··· INPUT RECORDS

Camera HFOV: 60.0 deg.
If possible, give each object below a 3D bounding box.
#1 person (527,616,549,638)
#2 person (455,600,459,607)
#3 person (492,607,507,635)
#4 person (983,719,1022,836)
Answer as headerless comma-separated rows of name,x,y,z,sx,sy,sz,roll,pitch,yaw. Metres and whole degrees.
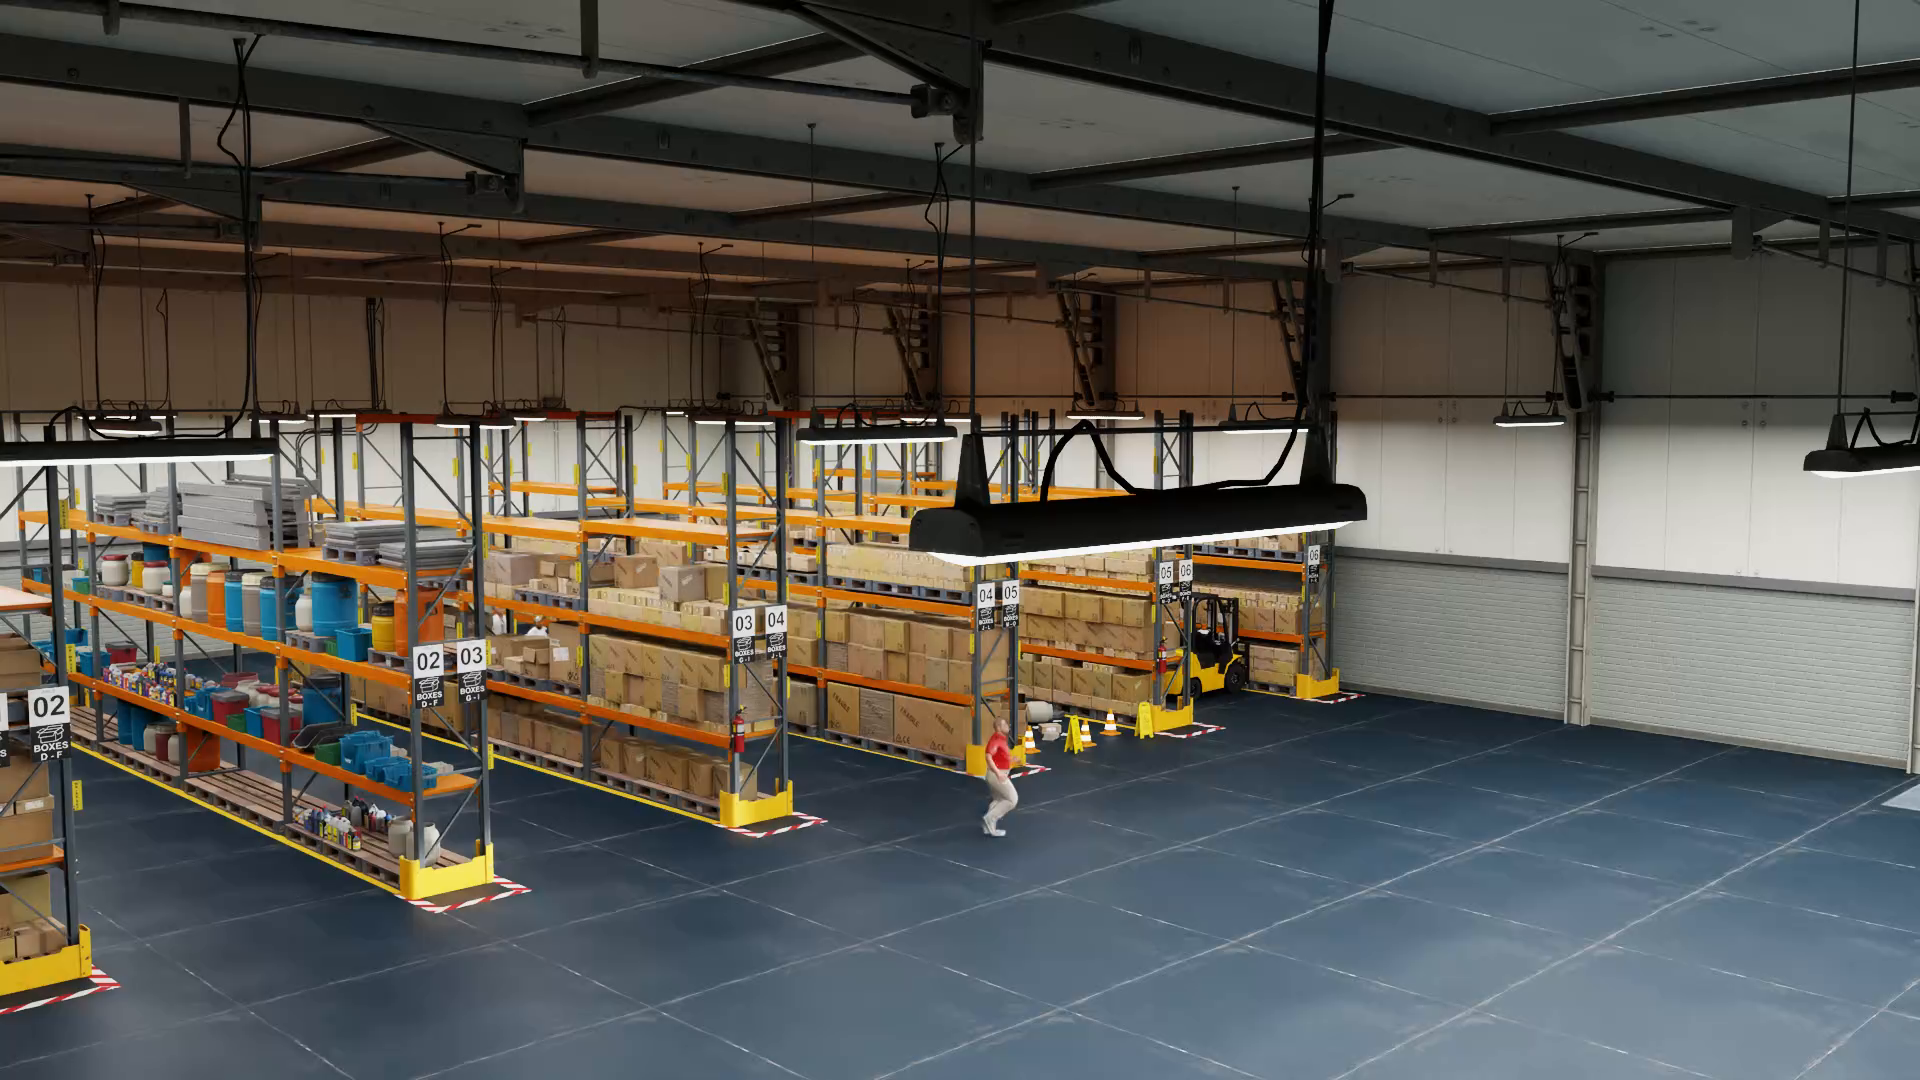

······

WHAT THIS TASK INVOLVES>
Extract, verbatim and alone, the lines from the line that contains "If possible, give" to the last line of the records, inclusive; drop any picture.

SOLUTION TO THIS TASK>
If possible, give each object below a 3D bounding box.
#1 person (527,616,549,638)
#2 person (455,600,459,607)
#3 person (492,607,507,635)
#4 person (983,719,1022,836)
Answer as headerless comma-separated rows of name,x,y,z,sx,sy,sz,roll,pitch,yaw. Metres and whole degrees.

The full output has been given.